Acute intermittent porphyria: focus on possible mechanisms of acute and chronic manifestations

Yuelin Ma 1, Qing Teng 1, Yiran Zhang 2, Songyun Zhang 1,*
PMCID: PMC7586881  PMID: 33139977

Summary

Porphyrias are a group of inherited metabolic diseases that include eight types, each of which is caused by a mutation that affects an enzyme of the heme biosynthetic pathway. When an enzyme defect has physiological significance, it leads to overproduction of pathway precursors prior to the defective step. The partial absence of the third enzyme in the heme biosynthetic pathway, porphobilinogen deaminase (PBGD) also known as hydroxymethylbilane synthase (HMBS), results in acute intermittent porphyria (AIP), which affects mainly women. Subjects who had AIP symptoms were deemed to have manifest AIP (MAIP). Clinical manifestations are usually diverse and non-specific. Acute AIP episodes may present with abdominal pain, nausea, and vomiting, and repeated episodes may result in a series of chronic injuries.
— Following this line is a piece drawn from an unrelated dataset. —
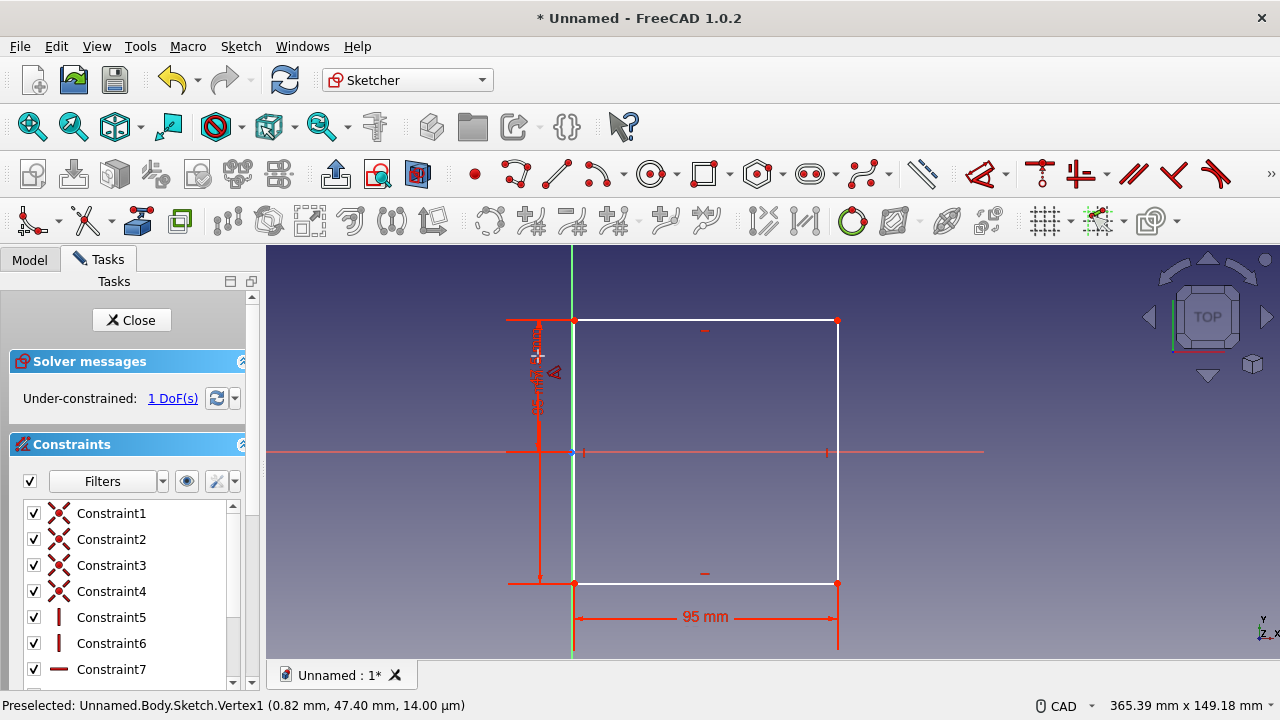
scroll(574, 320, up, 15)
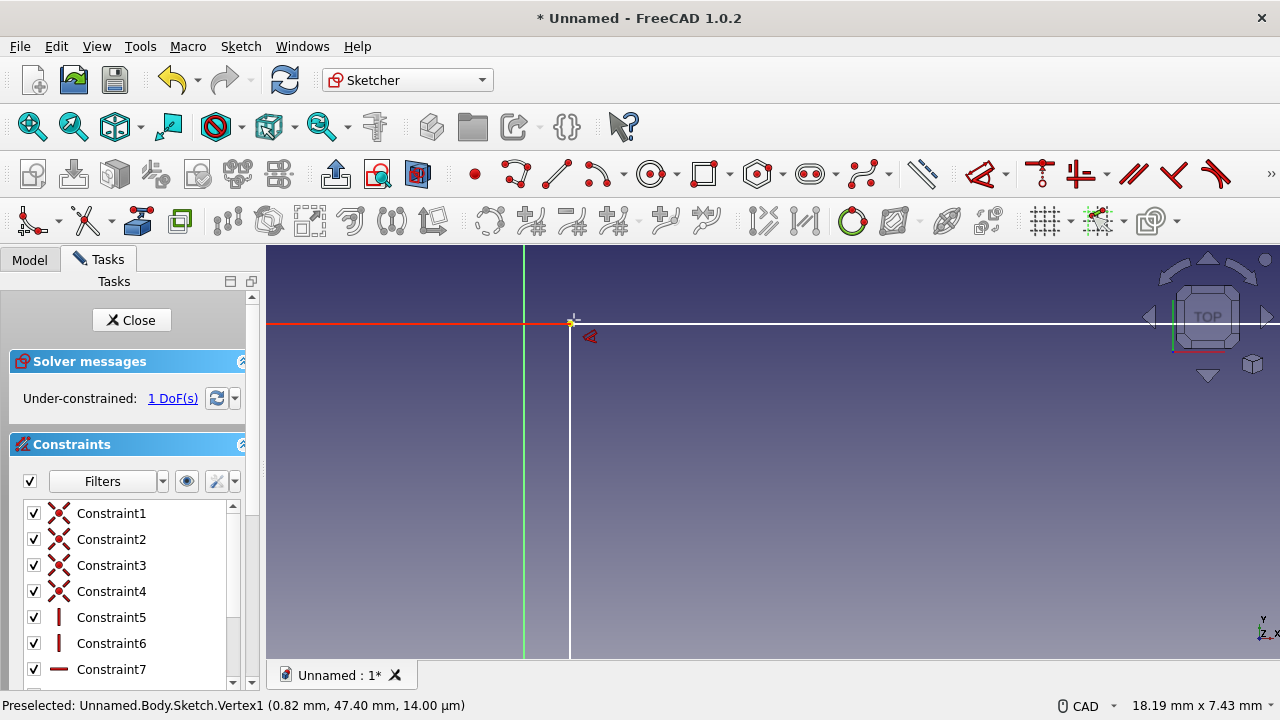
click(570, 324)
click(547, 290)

Therefore, studying the mechanisms of acute and chronic manifestations of AIP is of great significance. This review aims to summarize the possible mechanisms of acute and chronic manifestations in patients with AIP.
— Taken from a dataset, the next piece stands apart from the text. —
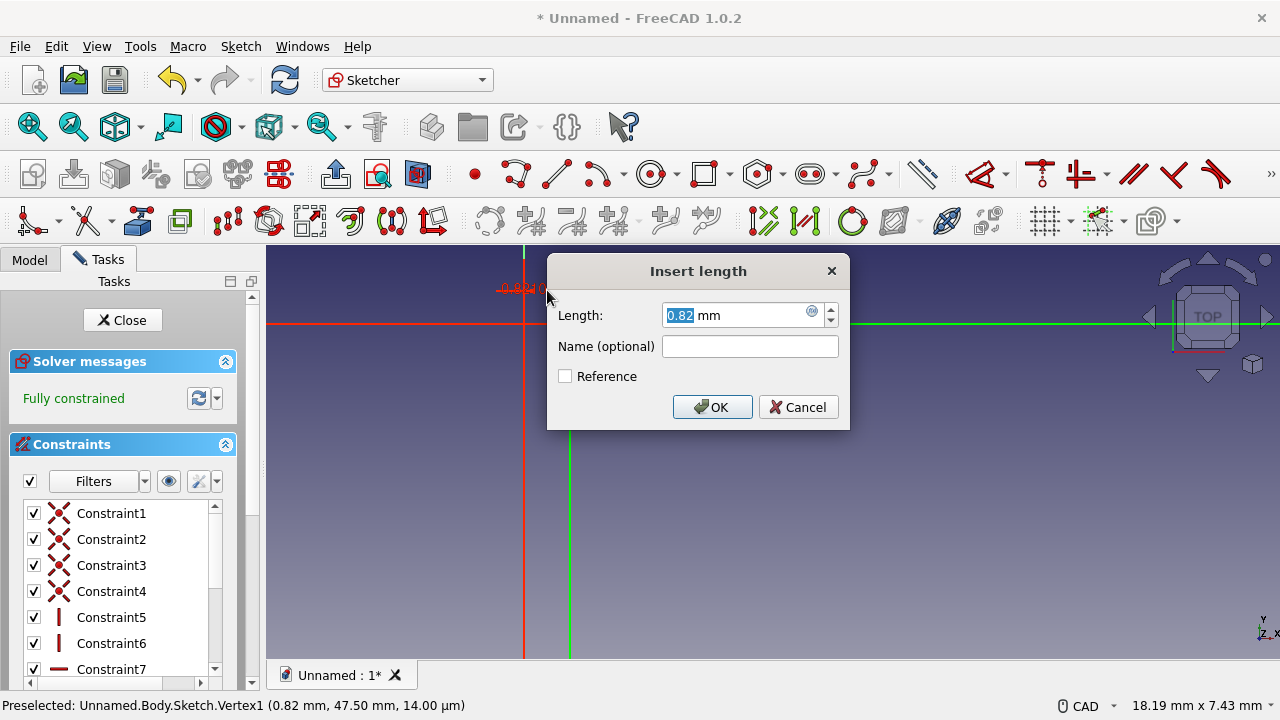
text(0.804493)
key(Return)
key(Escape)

Keywords: acute intermittent porphyria, mechanisms, aminolevulinic acid (ALA), attack

1. Introduction

Porphyria is a rare metabolic disease caused by abnormal enzyme activity in the heme synthesis pathway (1,2). Acute intermittent porphyria (AIP) is due to a partial deficiency in porphobilinogen deaminase (PBGD), also known as hydroxymethylbilane synthase (HMBS) (3,4), which is autosomal dominant and has low clinical penetrance (5-7). A PBGD enzyme deficiency leads to the significant accumulation of certain porphyrin precursors, such as aminolevulinic acid (ALA) and porphobilinogen (PBG). Women are more susceptible (8). Most patients develop symptoms after puberty (6).

AIP has varied clinical manifestations, and its attacks can be induced by a number of factors, such as drugs, hormones, starving, infection, psychological stress, and other unknown factors (9). Porphyrin precursors may affect the automatic, central, and peripheral nervous systems. In addition, porphyrin precursor deposition in the liver, kidneys, and other organs can cause damage to these organs and cause metabolic disturbances.

2. Neurologic symptoms

Some patients with AIP may have neurological manifestations. The automatic, central, and peripheral nervous systems can all be involved (6,10-12).

2.1. Automatic nervous system symptoms

Most automatic nervous system symptoms are non-specific, including abdominal pain, vomiting, etc. (13).

More than 80% of patients have abdominal pain, which is intermittent and involves cramping (6,8). Abdominal pain usually lasts hours to days and does not respond well to narcotic pain medications (14). In addition, the degree of abdominal pain is often disproportionate to the physical examination findings (6,15). Evacuation disorders may also be seen, including constipation, abdominal distention, and intestinal obstruction. Cardiovascular symptoms such as arrhythmia and hypertension may also be observed in some patients. The condition can also manifest as bladder dysfunction, such as urinary retention, urinary incontinence, and dysuria (6).

There is a hypothesis that increased serotonergic activity is associated with autonomic neuropathy. Tryptophan dioxygenase (TDO) is a rate-limiting enzyme that catalyzes the degradation of tryptophan. Heme deficiency in the liver will lead to decreased TDO activity, which will cause an increase in tryptophan. Tryptophan is activated by tryptophan hydroxylase to produce serotonin (5-HT), so if tryptophan levels increase, the levels of 5-HT will also increase to some extent. The following related studies further confirm this hypothesis. Puy et al. reported increased blood tryptophan and 5-HT levels, and the concentration of 5-hydroxy indoleacetic acid (5-HIAA) in urine also increased in patients with AIP. Injection of heme can correct these changes. The results of these studies add to the credibility of the hypothesis. 5-HT receptors are distributed in many tissues, such as the digestive tract, urinary bladder, adrenal glands, heart, and blood vessels. Several clinical manifestations of acute porphyrias, and autonomic neuropathy in particular, are similar to the effects of increased 5-HT activity (16).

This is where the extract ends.